Test input Expected output What it validates
single balanced 1 base case correctness
all balanced strings n maximal accumulation
mixed signs >0 ordering effect
extreme imbalance 0 handling of invalid prefixes

Edge Cases

One important edge case is when a string starts with a closing bracket, for example “)(”. Even if its net balance is zero, placing it early can immediately destroy validity by dropping the global balance below zero. The algorithm handles this by classifying it into the more constrained group and placing it later relative to safer strings.

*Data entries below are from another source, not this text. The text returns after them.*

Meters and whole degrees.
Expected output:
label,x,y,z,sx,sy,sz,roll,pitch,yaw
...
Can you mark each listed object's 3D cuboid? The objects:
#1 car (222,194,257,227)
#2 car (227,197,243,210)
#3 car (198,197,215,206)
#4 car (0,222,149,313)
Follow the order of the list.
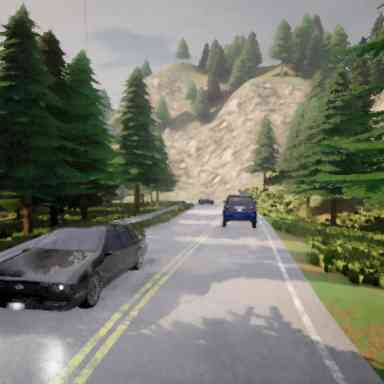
label,x,y,z,sx,sy,sz,roll,pitch,yaw
car,3.232,1.169,22.567,2.150,2.045,5.566,1,0,8
car,5.385,1.395,41.938,1.812,1.442,4.674,1,0,5
car,2.202,1.412,51.380,1.895,1.301,4.718,0,0,-7
car,-2.505,1.471,8.058,2.033,1.411,5.357,1,0,8
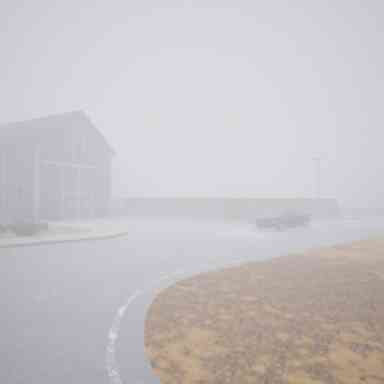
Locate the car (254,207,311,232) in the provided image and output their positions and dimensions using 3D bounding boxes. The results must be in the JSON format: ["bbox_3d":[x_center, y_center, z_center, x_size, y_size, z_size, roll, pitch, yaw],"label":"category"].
[{"bbox_3d":[6.380,1.826,23.210,5.008,1.535,1.882,2,-1,-42],"label":"car"}]
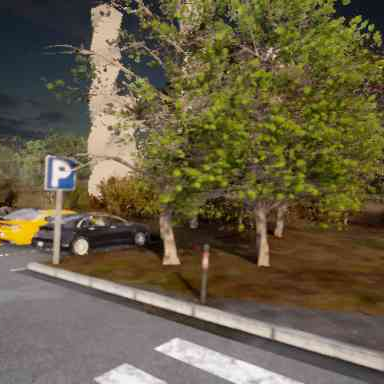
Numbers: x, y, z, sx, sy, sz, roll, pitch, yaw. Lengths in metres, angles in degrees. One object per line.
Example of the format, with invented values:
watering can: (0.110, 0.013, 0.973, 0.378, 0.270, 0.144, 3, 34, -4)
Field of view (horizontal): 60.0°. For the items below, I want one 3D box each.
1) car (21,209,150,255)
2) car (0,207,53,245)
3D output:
car: (-3.809, 1.566, 13.499, 2.231, 1.521, 4.892, 0, -1, 38)
car: (-5.991, 1.561, 15.182, 2.097, 1.535, 5.008, 0, -1, 38)
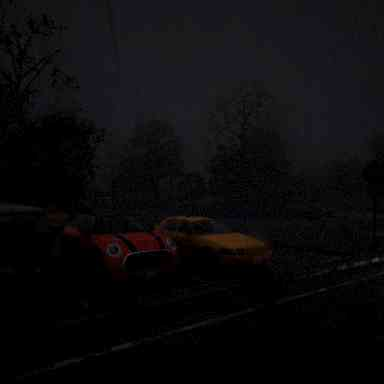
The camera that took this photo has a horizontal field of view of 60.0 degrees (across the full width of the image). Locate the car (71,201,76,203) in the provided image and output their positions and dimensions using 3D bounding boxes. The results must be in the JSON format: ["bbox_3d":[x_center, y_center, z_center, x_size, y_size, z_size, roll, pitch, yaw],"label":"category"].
[{"bbox_3d":[-8.918,1.484,20.234,1.946,1.575,5.366,1,0,-36],"label":"car"}]

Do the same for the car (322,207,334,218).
[{"bbox_3d":[12.871,1.824,35.766,2.185,1.767,4.553,2,-1,-36],"label":"car"}]

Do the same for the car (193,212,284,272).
[{"bbox_3d":[0.223,1.499,11.247,1.946,1.575,5.366,1,0,-36],"label":"car"}]

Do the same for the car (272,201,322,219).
[{"bbox_3d":[10.325,1.914,33.871,2.002,1.452,4.674,2,-1,-36],"label":"car"}]

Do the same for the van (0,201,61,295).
[{"bbox_3d":[-4.779,1.245,8.004,1.878,1.987,4.442,0,0,-36],"label":"van"}]

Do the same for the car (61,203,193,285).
[{"bbox_3d":[-2.268,1.355,9.713,2.185,1.767,4.553,1,0,-36],"label":"car"}]

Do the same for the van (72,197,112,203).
[{"bbox_3d":[-6.475,1.282,21.626,1.878,1.987,4.442,1,0,-36],"label":"van"}]

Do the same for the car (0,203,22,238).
[{"bbox_3d":[-11.075,1.471,18.676,1.946,1.575,5.366,0,0,-36],"label":"car"}]
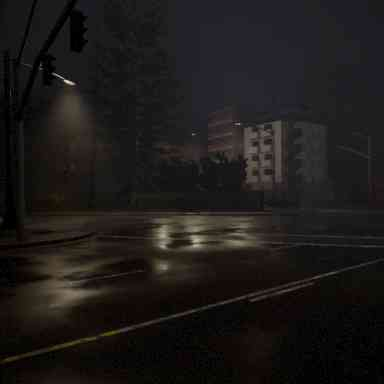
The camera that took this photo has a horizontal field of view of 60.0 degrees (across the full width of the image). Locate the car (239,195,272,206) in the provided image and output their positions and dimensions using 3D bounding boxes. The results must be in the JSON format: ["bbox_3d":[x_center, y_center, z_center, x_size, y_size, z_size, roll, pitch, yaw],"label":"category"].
[{"bbox_3d":[8.761,1.090,46.185,1.994,1.385,4.181,-1,1,-35],"label":"car"}]

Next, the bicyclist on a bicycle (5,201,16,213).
[{"bbox_3d":[-18.106,1.346,33.202,0.582,1.620,1.656,-1,1,9],"label":"bicyclist on a bicycle"}]

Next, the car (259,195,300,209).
[{"bbox_3d":[9.981,1.193,38.051,1.895,1.301,4.718,-1,1,-35],"label":"car"}]
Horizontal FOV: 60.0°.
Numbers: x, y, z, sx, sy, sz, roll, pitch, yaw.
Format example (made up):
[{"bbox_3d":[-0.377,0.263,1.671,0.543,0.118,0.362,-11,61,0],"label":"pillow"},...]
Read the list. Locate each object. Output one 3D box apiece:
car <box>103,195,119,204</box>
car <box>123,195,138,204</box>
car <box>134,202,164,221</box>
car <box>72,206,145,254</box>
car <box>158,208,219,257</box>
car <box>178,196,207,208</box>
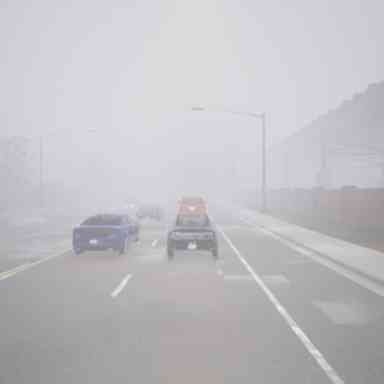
[{"bbox_3d":[-14.024,1.334,57.562,1.812,1.442,4.674,0,1,1],"label":"car"},{"bbox_3d":[-10.529,1.303,57.323,2.128,1.511,4.902,0,1,0],"label":"car"},{"bbox_3d":[-3.465,1.721,28.196,1.895,1.301,4.718,0,0,0],"label":"car"},{"bbox_3d":[-3.465,1.605,14.227,1.882,1.535,5.008,0,0,0],"label":"car"},{"bbox_3d":[0.029,1.617,13.472,2.128,1.511,4.902,0,0,0],"label":"car"},{"bbox_3d":[0.029,1.348,27.517,2.150,2.045,5.566,0,1,0],"label":"car"}]
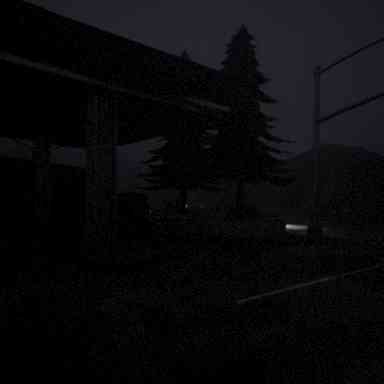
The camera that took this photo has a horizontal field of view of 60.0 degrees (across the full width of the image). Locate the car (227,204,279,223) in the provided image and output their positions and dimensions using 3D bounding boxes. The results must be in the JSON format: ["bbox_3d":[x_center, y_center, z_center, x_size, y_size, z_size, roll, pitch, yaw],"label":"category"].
[{"bbox_3d":[4.563,1.658,25.313,1.994,1.385,4.181,0,0,-35],"label":"car"}]

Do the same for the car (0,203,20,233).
[{"bbox_3d":[-11.202,1.426,18.797,2.242,1.667,4.611,0,0,-36],"label":"car"}]

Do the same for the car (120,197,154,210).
[{"bbox_3d":[-6.970,1.421,41.640,2.033,1.411,5.357,0,0,-35],"label":"car"}]

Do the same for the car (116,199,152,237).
[{"bbox_3d":[-4.071,1.342,18.599,1.905,1.878,3.866,0,0,-36],"label":"car"}]

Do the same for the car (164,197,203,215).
[{"bbox_3d":[-0.840,1.343,32.962,2.097,1.767,4.553,0,0,-35],"label":"car"}]
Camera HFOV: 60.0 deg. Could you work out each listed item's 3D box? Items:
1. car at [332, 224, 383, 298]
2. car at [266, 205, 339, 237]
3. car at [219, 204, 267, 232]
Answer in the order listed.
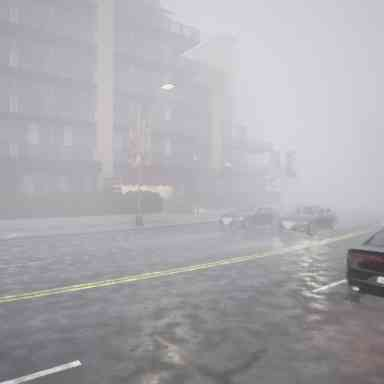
[{"bbox_3d":[5.431,1.476,7.699,5.008,1.535,1.882,0,0,-40],"label":"car"},{"bbox_3d":[6.458,1.484,18.328,2.128,1.511,4.902,0,0,43],"label":"car"},{"bbox_3d":[3.630,1.482,20.434,2.128,1.511,4.902,0,0,44],"label":"car"}]
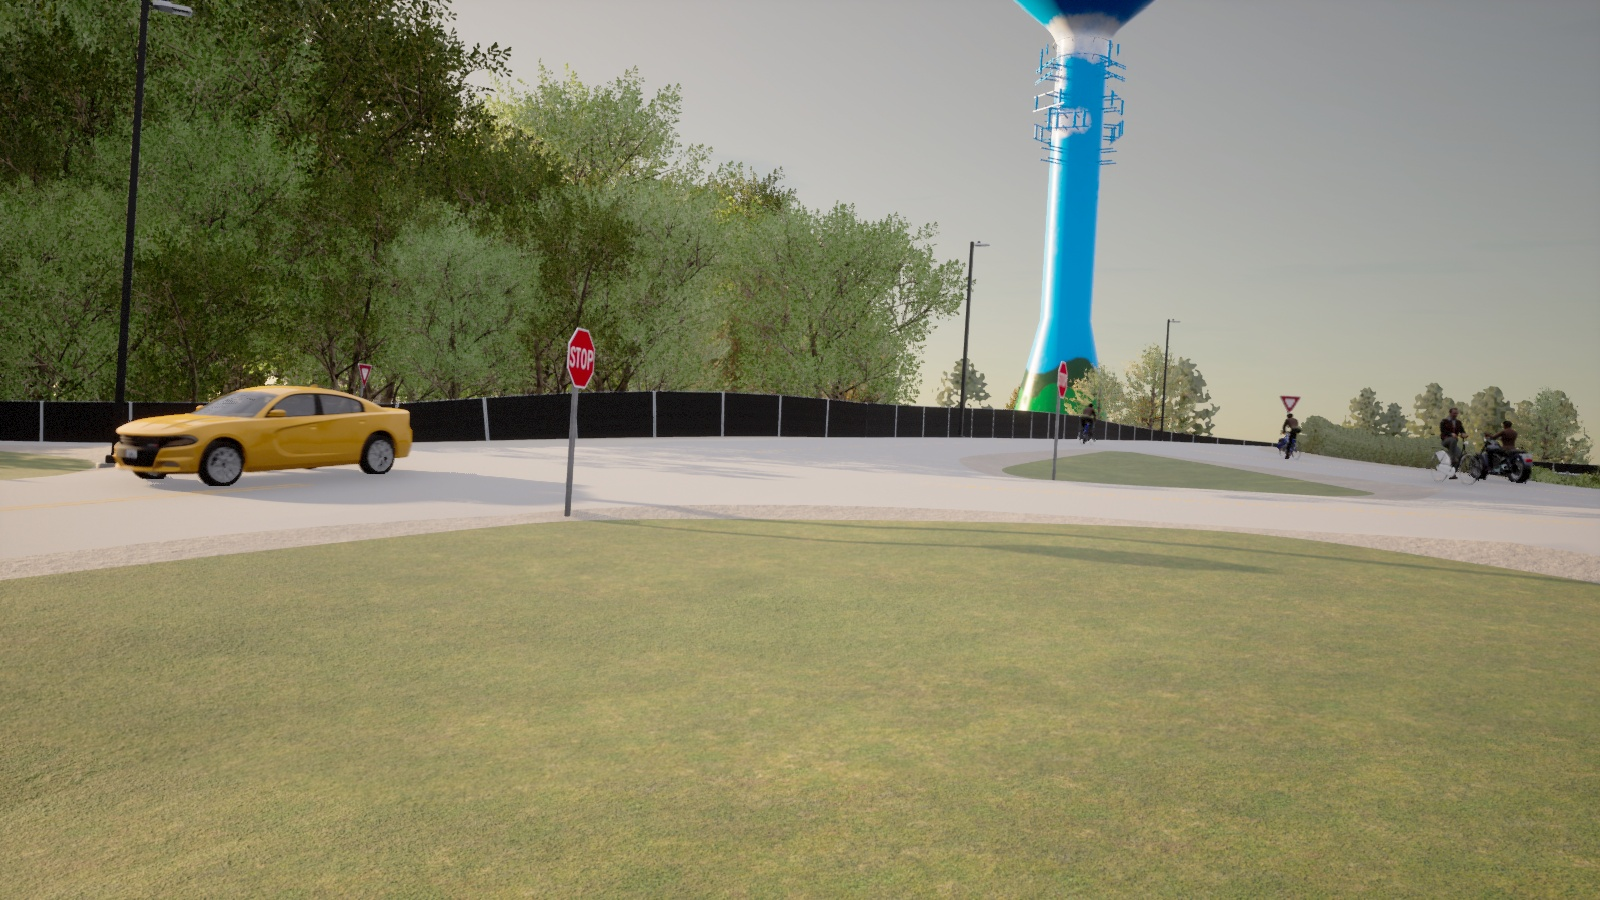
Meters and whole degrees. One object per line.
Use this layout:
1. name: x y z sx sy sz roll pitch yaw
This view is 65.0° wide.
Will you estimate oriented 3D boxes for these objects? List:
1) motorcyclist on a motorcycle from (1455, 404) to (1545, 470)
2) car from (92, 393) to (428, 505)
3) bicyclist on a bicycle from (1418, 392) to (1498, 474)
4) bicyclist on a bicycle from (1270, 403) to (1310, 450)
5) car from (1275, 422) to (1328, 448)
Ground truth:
1. motorcyclist on a motorcycle: 18.184 -0.368 32.695 0.766 1.649 2.350 2 2 -5
2. car: -8.732 -0.132 20.873 1.882 1.535 5.008 2 4 29
3. bicyclist on a bicycle: 14.971 -0.406 28.629 0.659 1.776 1.843 2 2 -4
4. bicyclist on a bicycle: 17.105 -0.832 43.871 0.582 1.620 1.656 2 2 -4
5. car: 36.021 -1.084 90.161 1.882 1.535 5.008 2 -1 42
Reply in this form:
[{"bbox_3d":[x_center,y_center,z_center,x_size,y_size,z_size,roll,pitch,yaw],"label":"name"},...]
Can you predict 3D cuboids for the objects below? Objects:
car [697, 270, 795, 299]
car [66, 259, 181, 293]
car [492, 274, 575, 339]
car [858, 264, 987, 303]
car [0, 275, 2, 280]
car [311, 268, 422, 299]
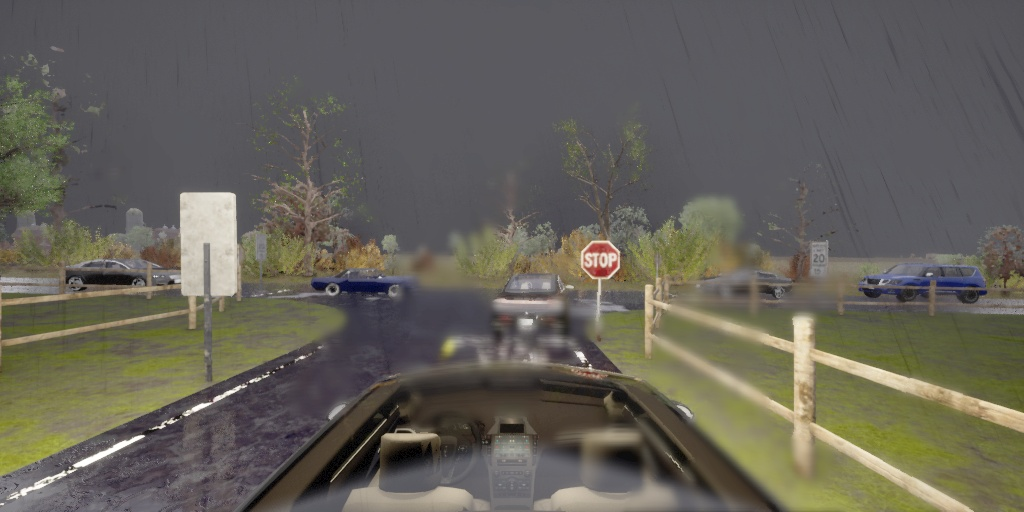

Another edge case is a string that is fully balanced but contains many internal valid prefix points, such as “(()())”. These should be placed early because they can generate multiple contributions while the global balance is still stable. The sorting by prefix minimum ensures such strings are prioritized appropriately.

A third edge case is a long sequence of small negative-delta strings. Individually they may look harmless, but combined they can quickly push the balance below zero. The ordering rule based on minPref − Δ ensures that strings with worse cumulative damage are delayed, preventing early collapse and preserving future valid prefix opportunities.